The Complete Guide
Most Lifters Never Get the Compression They Think They're Getting
A lever belt isn't about looking serious in the gym. It's about creating the same intra-abdominal pressure on your last heavy set as your first.
The mechanism
What a Lifting Belt Actually Does
Here's what most people get wrong: a lifting belt doesn't hold your back in place from the outside. It doesn't brace your spine like a back brace. It works from the inside out.
When you take a deep breath into your belly and push your core outward in all directions, you're building intra-abdominal pressure - a pressurised column of support around your lumbar spine. The belt gives that pressure something to push against, which lets you generate significantly more of it than muscle alone can create.
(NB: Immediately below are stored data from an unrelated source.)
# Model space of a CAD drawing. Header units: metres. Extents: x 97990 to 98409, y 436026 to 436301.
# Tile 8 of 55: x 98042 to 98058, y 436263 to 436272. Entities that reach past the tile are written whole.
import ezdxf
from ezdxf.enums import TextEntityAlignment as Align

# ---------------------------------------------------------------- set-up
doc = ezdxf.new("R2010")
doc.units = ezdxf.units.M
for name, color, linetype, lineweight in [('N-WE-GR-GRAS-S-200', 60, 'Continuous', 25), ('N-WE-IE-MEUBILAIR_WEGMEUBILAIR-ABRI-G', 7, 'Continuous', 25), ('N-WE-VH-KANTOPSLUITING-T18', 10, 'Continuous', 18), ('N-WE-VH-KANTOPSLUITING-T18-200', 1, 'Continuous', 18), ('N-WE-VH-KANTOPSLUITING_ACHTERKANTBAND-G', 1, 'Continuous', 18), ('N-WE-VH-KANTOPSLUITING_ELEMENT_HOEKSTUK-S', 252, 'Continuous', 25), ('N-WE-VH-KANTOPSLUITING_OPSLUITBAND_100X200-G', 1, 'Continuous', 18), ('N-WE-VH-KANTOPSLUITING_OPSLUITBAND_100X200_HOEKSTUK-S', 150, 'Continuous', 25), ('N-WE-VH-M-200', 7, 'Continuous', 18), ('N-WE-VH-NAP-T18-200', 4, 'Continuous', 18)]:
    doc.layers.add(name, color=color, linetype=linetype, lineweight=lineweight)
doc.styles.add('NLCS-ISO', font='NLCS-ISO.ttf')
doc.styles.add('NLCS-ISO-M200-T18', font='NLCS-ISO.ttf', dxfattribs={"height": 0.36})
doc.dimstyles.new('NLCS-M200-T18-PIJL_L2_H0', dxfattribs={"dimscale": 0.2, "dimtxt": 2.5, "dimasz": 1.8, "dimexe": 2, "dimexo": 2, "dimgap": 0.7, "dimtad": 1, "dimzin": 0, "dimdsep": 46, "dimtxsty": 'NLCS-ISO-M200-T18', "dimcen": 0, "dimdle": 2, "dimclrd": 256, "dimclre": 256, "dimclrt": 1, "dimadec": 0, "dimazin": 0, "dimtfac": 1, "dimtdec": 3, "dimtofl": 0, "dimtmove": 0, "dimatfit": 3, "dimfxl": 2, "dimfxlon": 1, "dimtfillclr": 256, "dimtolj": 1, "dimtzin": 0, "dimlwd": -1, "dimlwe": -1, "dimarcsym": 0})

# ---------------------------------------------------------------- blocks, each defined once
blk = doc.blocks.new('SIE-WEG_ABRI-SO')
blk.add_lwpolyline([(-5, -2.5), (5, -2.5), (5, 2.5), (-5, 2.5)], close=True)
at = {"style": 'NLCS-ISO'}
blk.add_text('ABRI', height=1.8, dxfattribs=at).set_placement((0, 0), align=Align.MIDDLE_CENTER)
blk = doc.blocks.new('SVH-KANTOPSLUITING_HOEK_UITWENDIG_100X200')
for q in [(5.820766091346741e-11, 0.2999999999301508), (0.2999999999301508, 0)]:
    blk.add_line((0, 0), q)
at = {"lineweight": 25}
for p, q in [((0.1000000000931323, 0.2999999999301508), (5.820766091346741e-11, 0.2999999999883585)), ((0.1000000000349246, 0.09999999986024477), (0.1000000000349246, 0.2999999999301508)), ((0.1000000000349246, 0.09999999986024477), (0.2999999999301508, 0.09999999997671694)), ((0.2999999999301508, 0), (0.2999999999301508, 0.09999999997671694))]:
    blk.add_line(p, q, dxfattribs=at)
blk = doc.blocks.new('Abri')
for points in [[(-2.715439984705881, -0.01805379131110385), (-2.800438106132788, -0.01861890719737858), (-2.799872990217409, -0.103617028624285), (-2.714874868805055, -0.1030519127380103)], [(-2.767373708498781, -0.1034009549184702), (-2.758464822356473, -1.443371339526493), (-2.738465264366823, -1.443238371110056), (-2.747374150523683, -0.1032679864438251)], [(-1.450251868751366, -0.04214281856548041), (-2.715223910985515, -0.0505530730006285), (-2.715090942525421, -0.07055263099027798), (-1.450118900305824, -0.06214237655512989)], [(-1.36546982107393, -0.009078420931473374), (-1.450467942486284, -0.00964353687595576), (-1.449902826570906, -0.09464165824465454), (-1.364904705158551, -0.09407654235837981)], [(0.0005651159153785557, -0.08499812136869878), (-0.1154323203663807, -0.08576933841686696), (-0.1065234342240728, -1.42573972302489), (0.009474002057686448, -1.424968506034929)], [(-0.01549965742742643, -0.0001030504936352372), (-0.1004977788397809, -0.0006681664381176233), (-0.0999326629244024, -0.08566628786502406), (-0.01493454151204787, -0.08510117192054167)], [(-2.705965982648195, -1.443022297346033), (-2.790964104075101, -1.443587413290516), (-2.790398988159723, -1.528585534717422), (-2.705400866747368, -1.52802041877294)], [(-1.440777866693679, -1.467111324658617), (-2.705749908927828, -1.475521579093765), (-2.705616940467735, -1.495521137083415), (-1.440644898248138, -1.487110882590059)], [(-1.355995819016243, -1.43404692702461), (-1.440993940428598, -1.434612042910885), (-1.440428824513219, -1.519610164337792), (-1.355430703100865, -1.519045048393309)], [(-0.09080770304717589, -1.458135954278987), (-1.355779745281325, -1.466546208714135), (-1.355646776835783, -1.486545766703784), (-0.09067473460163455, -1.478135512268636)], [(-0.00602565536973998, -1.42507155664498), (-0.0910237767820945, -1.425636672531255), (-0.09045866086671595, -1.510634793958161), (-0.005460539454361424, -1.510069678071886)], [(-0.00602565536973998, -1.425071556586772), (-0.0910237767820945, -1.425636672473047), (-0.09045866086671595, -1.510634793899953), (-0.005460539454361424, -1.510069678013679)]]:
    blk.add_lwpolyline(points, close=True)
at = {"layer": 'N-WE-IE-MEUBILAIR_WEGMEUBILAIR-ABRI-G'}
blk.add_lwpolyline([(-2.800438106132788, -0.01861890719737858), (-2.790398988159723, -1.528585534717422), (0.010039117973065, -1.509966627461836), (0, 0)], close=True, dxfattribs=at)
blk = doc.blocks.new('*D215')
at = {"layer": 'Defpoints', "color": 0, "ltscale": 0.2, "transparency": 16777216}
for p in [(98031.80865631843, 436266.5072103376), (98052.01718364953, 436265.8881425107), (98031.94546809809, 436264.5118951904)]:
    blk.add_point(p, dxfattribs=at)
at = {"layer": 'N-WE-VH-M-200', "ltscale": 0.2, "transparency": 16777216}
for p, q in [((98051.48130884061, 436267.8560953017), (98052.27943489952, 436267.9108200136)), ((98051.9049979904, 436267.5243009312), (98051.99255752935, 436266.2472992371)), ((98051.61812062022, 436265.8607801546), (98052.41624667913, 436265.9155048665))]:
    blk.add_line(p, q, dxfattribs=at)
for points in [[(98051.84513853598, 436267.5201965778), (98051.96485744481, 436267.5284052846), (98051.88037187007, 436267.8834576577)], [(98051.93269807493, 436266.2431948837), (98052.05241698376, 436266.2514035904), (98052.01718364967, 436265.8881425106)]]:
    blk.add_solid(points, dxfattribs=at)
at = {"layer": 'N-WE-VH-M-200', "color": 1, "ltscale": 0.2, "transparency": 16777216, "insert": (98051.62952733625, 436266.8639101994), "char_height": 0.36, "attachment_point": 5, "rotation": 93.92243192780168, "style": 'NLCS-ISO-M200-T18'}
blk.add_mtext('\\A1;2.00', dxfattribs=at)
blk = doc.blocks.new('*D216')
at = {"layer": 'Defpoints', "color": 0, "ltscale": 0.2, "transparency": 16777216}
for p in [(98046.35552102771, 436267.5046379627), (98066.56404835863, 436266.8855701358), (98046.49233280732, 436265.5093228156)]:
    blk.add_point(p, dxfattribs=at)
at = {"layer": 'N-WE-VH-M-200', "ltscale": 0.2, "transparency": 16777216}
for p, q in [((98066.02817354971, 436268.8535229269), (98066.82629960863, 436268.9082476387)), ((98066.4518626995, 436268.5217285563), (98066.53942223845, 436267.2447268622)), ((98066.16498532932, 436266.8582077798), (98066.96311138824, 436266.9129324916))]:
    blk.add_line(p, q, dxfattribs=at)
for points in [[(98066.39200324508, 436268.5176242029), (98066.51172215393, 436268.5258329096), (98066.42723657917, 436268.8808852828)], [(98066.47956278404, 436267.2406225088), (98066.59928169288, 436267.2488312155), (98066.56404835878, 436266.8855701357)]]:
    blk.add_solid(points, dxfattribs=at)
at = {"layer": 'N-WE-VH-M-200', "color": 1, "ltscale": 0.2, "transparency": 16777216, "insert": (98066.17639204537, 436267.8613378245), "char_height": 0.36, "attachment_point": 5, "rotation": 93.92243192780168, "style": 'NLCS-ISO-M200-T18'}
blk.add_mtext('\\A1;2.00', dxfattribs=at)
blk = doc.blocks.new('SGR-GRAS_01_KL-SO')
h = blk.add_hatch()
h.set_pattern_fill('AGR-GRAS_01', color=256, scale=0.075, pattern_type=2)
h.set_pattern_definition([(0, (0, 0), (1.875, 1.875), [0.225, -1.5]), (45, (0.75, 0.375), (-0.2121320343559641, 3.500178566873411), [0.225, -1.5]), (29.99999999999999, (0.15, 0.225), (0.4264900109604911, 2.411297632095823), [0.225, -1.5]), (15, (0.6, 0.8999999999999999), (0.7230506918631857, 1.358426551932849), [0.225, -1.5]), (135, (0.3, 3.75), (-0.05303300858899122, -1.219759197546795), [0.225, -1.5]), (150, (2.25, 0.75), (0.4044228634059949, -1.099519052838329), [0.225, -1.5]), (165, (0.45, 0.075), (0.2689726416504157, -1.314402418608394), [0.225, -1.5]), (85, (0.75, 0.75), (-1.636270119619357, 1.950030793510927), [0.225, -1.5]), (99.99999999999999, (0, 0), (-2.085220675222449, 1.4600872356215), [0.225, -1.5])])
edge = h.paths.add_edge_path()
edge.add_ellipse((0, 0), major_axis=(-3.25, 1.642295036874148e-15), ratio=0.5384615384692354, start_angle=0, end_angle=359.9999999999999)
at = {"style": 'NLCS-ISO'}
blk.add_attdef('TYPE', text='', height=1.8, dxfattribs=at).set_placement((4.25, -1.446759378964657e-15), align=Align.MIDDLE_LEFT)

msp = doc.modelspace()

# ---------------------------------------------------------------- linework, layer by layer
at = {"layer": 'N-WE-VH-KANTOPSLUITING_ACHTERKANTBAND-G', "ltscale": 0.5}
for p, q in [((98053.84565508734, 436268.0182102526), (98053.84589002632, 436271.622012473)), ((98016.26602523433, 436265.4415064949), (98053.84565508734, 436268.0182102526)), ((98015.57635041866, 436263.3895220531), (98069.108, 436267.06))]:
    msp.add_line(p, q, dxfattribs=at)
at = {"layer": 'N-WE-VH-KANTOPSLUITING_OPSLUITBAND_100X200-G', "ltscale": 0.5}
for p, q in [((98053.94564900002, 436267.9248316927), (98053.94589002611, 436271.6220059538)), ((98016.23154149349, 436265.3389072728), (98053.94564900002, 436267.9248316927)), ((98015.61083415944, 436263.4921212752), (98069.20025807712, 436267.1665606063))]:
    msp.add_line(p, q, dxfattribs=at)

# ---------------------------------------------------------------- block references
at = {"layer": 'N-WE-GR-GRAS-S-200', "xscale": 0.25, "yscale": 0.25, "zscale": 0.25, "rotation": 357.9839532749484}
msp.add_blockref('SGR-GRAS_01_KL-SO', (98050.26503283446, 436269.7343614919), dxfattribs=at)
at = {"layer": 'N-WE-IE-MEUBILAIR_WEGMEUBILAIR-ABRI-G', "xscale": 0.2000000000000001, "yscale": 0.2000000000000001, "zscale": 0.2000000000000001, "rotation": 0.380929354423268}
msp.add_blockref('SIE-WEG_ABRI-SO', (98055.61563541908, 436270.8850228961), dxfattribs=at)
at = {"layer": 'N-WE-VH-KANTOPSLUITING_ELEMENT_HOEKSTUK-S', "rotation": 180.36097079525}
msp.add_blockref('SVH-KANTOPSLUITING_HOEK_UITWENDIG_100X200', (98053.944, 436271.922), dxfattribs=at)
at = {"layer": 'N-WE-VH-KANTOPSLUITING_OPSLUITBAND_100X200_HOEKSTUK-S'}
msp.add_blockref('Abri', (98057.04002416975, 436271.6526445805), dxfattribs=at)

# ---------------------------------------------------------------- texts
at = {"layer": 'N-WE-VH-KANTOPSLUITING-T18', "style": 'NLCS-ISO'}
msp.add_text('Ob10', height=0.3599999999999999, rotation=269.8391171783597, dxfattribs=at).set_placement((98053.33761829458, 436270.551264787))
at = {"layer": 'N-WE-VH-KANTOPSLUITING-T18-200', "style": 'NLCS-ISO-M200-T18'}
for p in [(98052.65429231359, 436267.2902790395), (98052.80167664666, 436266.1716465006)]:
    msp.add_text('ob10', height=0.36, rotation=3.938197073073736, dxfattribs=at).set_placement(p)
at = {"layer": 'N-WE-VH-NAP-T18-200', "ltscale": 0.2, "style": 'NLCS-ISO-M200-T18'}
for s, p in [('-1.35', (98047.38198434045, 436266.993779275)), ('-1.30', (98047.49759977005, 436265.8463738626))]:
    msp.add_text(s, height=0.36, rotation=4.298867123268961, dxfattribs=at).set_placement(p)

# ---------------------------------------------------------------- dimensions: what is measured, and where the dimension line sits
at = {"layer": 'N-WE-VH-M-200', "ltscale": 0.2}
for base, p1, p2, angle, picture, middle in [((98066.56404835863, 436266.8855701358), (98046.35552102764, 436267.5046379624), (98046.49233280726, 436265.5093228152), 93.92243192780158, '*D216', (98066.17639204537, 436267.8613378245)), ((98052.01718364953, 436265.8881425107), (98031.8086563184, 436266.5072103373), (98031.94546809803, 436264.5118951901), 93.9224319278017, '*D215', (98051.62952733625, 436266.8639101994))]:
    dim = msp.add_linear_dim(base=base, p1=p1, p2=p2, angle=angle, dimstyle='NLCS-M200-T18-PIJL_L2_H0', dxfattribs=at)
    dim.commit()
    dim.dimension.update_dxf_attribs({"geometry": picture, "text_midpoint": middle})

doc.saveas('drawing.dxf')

The research is consistent: belted lifting produces higher intra-abdominal pressure, lower lumbar compression forces, and greater peak force output at the same load. The belt doesn't lift the weight. It makes your body more mechanically capable of lifting it.
That's why wearing a belt loosely - or breathing into your chest instead of your belly - makes it nearly useless. The mechanism only works when you actively brace into it. Technique first. Belt second.
The real problem
Why Your Current Belt Might Not Be Working
Most lifters who use belts aren't getting the compression they think they are. Not because the belt is low quality - because the tightness varies. And varying tightness means varying support.
Every time you thread a prong belt, you get a slightly different tightness. And on heavy singles, slightly different matters.
A lever belt eliminates that variable entirely. You set the lever once, to your exact waist size, and every set from that point forward is identically tight.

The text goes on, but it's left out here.